Ces îles, formées en partie de roches basaltiques, d’amas de sable que les vents accumulent sur leurs bords, de terres battues par les ébats des phoques, étaient inhabitées. Une herbe drue et d’un vert jaunâtre, la glyceria angastata des botanistes, s’y montre maintenant sur divers points autrefois arides. C’est une végétation récente. Elle prouve que l’extermination des amphibies a été poussée à l’extrême, et c’est, en faveur d’une prompte réglementation de la tuerie de ces animaux, l’argument le plus probant qui puisse être donné. Il en est encore un autre : leur destruction a été poussée avec une telle imprévoyance sur les îles Behring et Cooper qu’ils ont disparu presque complètement de cet archipel depuis un siècle et demi[1]. Le même désastre eût infailliblement frappé les îles Pribylov, si, lorsqu’elles furent découvertes, les chasseurs de phoques eussent connu la préparation rapide des fourrures telle qu’elle est pratiquée aujourd’hui. Le temps leur manqua pour accomplir leur œuvre de destruction totale. « De 50,000 à 60,000 phoques à Saint-Paul et de 40,000 à 50,000 à Saint-George furent très régulièrement tués pendant plusieurs années, dit l’évêque Veniaminov. Nulle demande n’exigeait une telle boucherie. Les peaux étaient emmagasinées sans que l’on songeât à connaître leur nombre. En 1803, 800,000 fourrures se trouvèrent entassées dans des dépôts sans qu’il fût possible de les vendre avec quelque avantage. 700,000, envahies par la moisissure, furent jetées à la mer[2] ! » Une peau bien préparée vaut aujourd’hui à Londres 1,000 ou 1,200 francs.
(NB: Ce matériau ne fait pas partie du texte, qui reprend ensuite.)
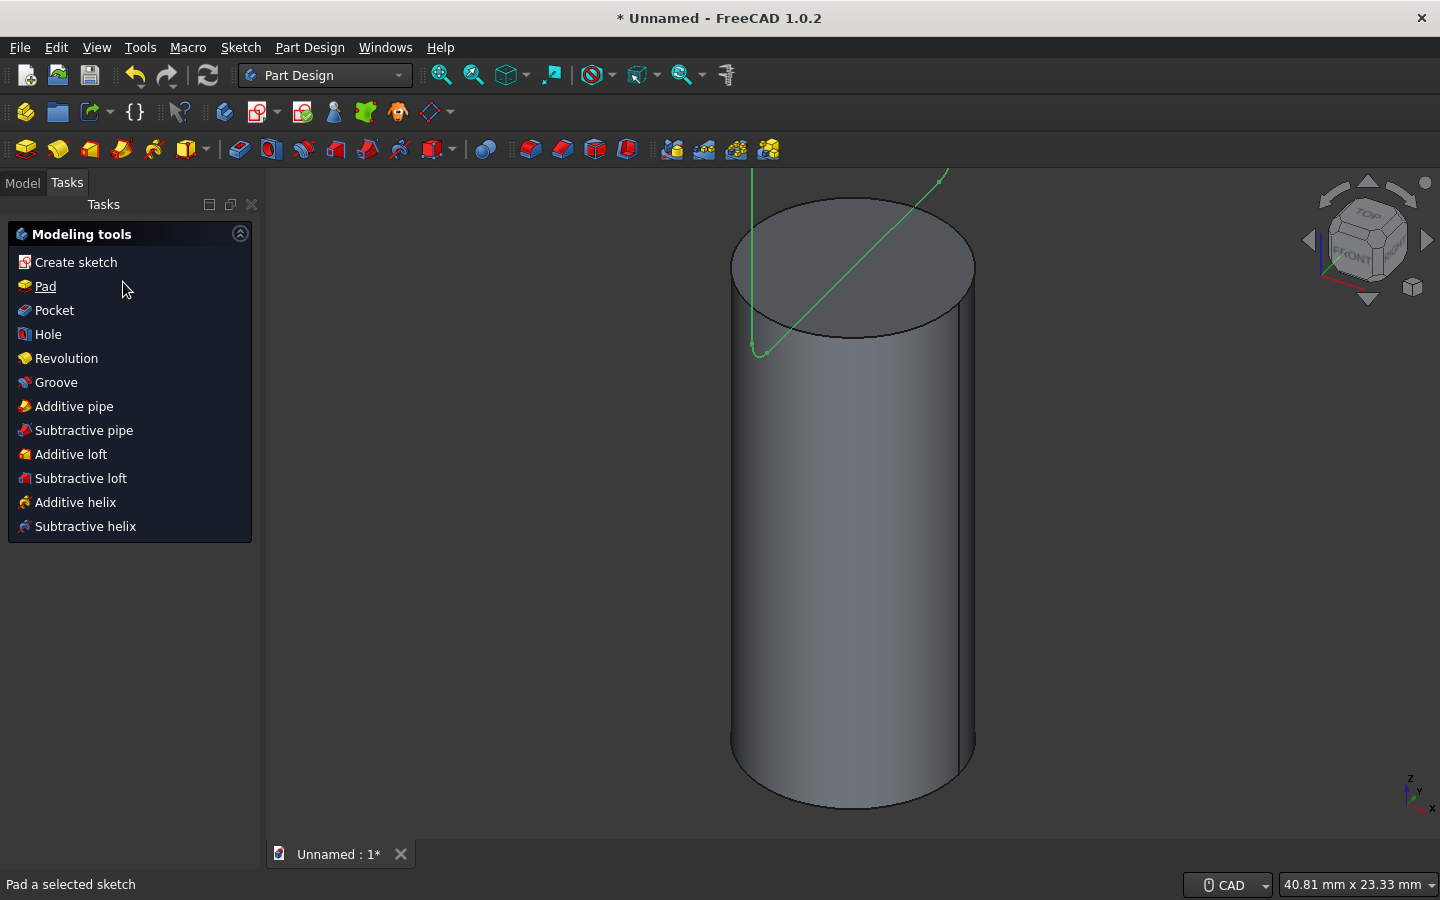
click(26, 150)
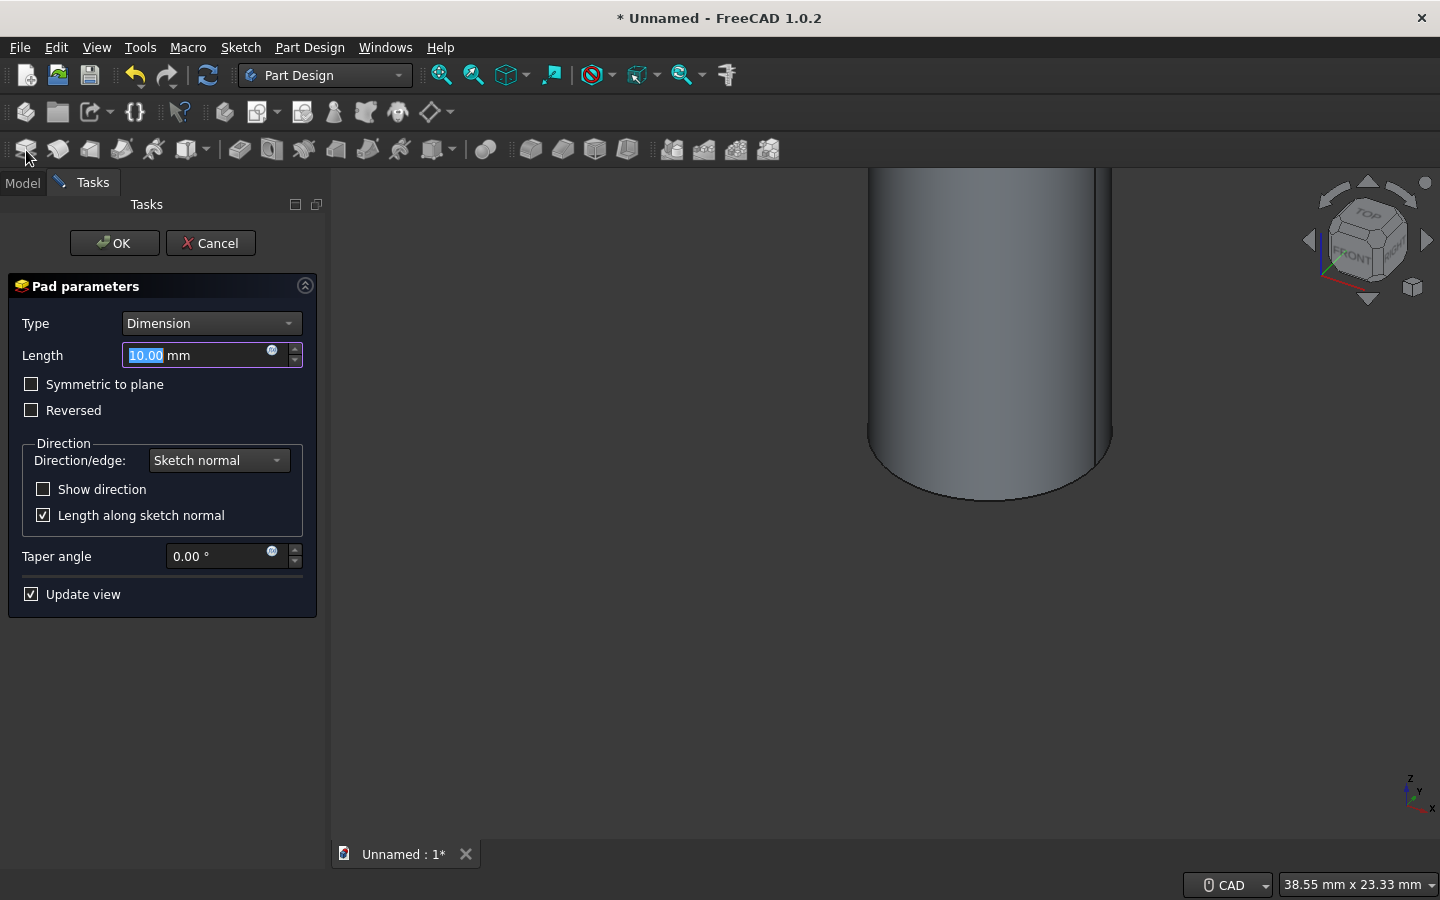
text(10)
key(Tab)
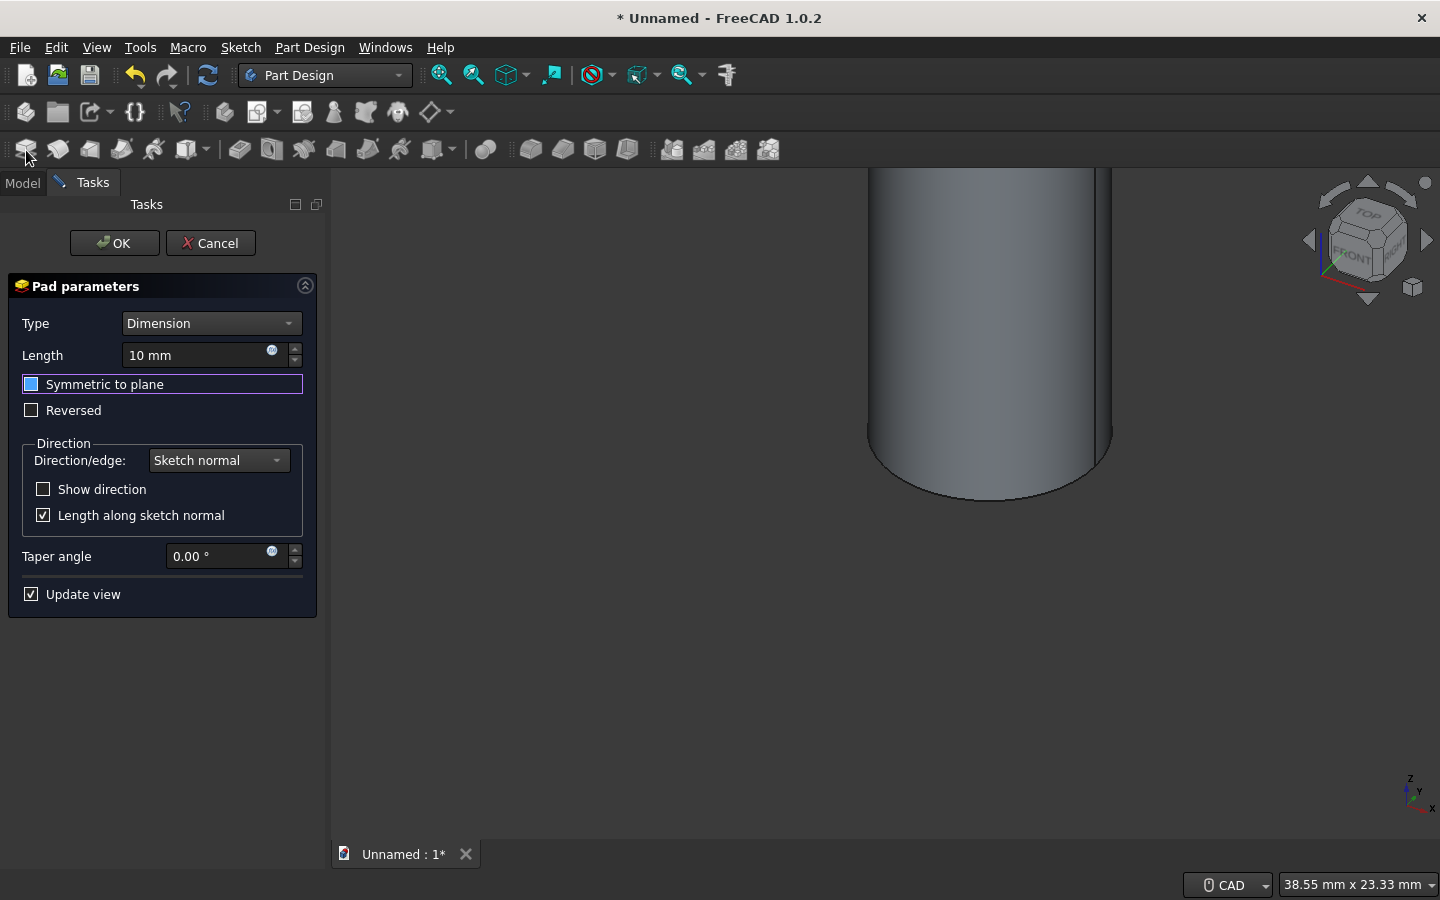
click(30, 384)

C’est donc bien près d’un milliard de francs que les exterminateurs de phoques perdirent cette année-là.

En 1806, les Russes, quoique bien tardivement, prévoyant que

  1. Lettre du docteur A.-Th. von Middendorf, de Dorpat, en Livonie, à M. Wurts, chargé d’affaires.
  2. Évêque Veniaminov, Zapieskie, ch. XII, I, 1848.